After nine long years this September, we learned of Adeline's MED13L diagnosis.

In 2013, Adeline was born at home, a full-term pregancy; she greeted us with curious and wide, kind eyes. Over the coming months, she grew on her own chart--slow and steady, tiny and fierce. She would learn to crawl after twelve months, and begin to walk after two years, not without some injuries from imbalance. Having not produced more language than "mama, dada, milk, hot," we learned some sign language as she began early intervention services.

Soon after we would experience seizure episodes and receive a diganosis for complex partial seizure disorder. Because of hypotonia, global growth delays, and seizure activity, we were simply told she had Cerebral Palsy and were referred to a host of specialists to understand, investigate and treat her various symptoms. We visited two neurologists, an endocrinologist, two geneticists, an ophthalmologist, two ENTs, a developmental pediatrician, and two orthopedists. Her experience? She would wear AFO braces at night for years with SMO braces or slip in orthotics during the day. At age six, she had ear tubes inserted, which she confirmed from her bed the same evening "mama, I hear better," a long sentence structure for her! Over the years, Addie has endured many unsuccessful blood draws, MRIs and routine EEGs. Her treatment has included countless PT, OT, and Speech sessions.
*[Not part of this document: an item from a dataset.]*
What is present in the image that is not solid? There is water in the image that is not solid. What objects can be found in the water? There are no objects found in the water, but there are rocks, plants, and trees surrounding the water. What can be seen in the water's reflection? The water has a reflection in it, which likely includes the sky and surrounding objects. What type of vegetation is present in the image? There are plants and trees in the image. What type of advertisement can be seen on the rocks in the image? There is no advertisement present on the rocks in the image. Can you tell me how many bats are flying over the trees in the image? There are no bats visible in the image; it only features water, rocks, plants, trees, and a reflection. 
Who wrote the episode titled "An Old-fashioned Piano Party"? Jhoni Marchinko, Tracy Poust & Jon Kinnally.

Finally, after years and layers of visits, insurance policy changes, blood panels and second opinions, it was medical genetics specialist Dr. Hajianpour of Albany Medical Center that would have a name for our daughter's experience.
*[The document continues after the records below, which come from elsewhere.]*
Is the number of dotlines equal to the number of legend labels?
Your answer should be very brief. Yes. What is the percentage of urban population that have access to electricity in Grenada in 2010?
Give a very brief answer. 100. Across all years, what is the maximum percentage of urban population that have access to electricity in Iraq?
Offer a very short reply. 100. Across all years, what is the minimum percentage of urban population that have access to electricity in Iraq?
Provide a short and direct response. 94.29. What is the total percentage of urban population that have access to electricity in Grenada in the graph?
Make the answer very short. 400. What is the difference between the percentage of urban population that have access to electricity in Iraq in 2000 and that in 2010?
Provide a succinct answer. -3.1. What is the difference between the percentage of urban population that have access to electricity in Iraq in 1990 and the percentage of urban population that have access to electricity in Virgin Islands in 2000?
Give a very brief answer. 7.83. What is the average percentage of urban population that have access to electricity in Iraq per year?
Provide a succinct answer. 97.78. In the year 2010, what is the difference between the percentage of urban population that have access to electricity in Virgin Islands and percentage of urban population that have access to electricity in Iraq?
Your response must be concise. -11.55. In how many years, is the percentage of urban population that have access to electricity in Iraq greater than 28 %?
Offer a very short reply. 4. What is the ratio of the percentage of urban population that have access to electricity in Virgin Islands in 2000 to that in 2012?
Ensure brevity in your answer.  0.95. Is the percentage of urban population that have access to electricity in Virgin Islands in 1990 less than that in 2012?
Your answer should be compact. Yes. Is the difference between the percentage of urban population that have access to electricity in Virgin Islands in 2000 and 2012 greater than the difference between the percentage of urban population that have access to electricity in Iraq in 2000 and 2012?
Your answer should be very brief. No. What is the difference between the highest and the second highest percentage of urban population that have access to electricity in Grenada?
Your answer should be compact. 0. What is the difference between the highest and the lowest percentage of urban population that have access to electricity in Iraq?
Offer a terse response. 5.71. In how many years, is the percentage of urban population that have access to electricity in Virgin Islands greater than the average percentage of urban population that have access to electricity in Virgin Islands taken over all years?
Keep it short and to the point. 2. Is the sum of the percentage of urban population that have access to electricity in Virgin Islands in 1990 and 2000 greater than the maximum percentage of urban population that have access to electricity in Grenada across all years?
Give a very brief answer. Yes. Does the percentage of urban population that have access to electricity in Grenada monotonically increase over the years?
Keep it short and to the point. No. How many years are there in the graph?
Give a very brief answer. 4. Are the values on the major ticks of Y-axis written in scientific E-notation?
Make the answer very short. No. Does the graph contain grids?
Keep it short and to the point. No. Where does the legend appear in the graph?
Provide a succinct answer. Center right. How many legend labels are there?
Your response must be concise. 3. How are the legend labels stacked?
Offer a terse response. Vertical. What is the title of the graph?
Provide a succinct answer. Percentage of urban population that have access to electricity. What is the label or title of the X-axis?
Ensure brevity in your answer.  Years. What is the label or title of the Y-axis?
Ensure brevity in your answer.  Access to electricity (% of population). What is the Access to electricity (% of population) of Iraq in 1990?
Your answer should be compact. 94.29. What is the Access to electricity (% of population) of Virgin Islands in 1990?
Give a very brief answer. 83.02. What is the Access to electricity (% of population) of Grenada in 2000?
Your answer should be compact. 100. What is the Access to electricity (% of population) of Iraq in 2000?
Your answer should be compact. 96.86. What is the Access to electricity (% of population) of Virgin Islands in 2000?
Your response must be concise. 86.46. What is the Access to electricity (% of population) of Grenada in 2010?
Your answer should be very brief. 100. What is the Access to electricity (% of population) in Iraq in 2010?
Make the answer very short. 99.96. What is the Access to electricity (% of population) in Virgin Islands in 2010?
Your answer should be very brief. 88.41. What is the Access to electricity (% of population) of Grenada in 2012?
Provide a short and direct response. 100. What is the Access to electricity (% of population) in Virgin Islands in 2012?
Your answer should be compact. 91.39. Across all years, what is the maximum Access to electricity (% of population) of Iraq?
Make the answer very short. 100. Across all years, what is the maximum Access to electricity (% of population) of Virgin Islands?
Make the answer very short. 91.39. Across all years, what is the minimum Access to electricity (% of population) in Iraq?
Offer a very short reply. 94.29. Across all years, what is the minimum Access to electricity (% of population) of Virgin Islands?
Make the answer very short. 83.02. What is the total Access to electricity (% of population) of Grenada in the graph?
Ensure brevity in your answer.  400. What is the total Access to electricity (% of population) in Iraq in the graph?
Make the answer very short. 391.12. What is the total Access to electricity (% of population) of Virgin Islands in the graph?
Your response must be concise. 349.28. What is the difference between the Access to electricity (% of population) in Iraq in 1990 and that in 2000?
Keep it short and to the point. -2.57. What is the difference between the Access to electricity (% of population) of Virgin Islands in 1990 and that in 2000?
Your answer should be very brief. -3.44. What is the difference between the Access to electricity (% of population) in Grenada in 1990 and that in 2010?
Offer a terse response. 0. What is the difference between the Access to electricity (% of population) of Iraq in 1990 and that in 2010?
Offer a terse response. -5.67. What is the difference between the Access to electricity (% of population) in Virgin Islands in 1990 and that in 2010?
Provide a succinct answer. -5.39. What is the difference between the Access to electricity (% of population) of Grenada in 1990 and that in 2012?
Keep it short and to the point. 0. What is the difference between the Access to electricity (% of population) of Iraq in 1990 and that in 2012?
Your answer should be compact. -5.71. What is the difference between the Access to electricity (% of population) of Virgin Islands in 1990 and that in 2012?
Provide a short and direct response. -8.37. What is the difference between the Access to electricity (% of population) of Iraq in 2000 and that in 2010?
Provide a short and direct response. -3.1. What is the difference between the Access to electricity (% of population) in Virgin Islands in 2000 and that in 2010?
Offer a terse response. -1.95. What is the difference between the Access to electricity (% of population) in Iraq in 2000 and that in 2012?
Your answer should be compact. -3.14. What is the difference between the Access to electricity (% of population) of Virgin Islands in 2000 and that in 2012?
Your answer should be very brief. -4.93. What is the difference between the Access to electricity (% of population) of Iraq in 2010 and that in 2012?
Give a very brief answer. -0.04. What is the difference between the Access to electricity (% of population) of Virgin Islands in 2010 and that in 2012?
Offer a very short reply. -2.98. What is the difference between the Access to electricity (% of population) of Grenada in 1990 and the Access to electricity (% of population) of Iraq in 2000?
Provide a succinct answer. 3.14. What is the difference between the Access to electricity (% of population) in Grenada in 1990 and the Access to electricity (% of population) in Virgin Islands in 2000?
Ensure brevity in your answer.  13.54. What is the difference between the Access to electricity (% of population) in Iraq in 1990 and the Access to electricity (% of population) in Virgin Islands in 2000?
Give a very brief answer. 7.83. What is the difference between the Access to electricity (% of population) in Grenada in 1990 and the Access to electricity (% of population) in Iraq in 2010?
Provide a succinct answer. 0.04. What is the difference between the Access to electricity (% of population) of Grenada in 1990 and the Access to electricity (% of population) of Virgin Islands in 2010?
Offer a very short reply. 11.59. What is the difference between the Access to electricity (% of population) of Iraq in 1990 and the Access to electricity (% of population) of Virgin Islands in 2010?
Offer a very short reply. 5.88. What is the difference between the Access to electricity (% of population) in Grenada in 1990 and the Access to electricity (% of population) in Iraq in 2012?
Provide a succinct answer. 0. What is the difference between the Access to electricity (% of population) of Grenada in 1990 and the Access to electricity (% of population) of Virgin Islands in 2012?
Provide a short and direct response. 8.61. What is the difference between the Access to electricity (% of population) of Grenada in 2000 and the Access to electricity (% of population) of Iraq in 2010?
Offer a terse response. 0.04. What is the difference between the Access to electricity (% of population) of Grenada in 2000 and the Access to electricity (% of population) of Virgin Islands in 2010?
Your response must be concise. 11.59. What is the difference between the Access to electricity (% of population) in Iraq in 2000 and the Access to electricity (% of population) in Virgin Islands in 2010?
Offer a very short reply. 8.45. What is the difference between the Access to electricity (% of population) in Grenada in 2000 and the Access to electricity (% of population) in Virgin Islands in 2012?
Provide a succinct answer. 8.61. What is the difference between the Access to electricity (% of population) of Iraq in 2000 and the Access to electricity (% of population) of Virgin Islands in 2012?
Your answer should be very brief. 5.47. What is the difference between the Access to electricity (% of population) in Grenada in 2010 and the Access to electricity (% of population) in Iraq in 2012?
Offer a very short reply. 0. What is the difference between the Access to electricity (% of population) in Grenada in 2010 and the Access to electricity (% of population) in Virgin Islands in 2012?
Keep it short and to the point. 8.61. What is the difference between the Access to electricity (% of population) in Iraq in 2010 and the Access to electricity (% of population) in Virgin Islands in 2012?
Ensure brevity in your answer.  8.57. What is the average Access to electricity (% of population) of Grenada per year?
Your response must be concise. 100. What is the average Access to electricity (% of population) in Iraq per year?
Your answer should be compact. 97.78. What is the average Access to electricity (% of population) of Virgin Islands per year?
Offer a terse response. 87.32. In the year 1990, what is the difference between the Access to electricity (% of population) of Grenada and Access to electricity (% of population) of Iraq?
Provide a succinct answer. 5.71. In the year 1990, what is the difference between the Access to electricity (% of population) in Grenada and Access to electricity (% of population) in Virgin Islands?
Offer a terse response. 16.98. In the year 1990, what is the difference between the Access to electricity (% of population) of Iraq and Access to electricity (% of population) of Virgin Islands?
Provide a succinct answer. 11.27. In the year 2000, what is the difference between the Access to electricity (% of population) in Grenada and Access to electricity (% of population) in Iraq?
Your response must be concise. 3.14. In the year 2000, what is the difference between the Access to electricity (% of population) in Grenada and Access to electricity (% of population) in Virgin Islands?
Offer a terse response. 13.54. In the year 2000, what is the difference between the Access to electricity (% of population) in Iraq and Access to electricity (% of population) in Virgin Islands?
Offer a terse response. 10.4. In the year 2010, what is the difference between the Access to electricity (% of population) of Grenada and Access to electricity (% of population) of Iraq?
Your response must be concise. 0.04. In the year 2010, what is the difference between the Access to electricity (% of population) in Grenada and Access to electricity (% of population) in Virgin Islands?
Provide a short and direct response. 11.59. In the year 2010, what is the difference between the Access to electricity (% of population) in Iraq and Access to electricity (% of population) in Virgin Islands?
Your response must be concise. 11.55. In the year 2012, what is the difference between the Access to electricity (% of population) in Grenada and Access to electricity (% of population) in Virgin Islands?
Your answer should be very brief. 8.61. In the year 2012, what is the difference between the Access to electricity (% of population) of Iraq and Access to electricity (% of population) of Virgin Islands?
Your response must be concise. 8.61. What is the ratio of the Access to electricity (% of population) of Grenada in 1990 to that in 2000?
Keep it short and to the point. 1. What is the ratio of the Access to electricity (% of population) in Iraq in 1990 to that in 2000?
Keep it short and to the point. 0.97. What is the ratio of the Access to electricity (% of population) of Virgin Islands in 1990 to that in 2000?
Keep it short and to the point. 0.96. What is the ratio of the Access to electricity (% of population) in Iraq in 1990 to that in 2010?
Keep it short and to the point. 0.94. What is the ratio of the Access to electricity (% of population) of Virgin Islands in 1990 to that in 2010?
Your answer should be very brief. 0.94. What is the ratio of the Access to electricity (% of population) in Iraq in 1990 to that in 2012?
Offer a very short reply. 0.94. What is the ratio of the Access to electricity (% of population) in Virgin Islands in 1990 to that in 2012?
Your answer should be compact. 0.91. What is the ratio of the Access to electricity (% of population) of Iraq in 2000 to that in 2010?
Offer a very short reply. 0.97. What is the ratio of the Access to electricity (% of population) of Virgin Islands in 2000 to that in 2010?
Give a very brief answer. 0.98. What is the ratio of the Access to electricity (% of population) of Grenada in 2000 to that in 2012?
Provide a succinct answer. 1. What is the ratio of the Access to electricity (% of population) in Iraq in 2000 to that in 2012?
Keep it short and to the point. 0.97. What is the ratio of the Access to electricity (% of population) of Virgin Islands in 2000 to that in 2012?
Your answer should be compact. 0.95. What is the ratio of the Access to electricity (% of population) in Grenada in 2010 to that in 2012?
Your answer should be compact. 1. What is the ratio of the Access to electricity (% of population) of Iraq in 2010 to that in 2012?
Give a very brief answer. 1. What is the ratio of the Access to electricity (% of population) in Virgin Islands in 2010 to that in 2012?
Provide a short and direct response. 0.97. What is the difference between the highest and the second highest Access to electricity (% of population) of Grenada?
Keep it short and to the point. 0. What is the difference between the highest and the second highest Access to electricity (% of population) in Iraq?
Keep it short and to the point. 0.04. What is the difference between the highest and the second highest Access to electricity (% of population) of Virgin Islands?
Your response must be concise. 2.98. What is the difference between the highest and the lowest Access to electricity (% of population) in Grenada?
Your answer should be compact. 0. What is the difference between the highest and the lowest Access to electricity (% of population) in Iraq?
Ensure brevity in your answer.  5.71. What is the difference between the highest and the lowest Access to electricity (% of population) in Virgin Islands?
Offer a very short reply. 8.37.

Adeline has, thankfully, received incredible support since infancy. She continues to work hard through her severe speech delay with use of a speech device, improving incontinence, and the care of compassionate teachers and providers.

In true first-born style, she enjoys being the leader wherever she goes—it’s hard to miss her powerful stride. She is inseparable from her younger sister, Tenley, adores her husky Cora, and remembers her Labrador Brody and hamster Frankie fondly. She exudes sunshine to all who love her, which is no surprise as her favorite color is yellow, the single color she can consistently identify and always chooses.

While Adeline's trajectory and potential is unclear, we are grateful for the work of the MED13L Foundation to provide a community for our families, conduct and share research, and work toward a cure for our sweet Adeline and all children affected by this rare genetic mutation.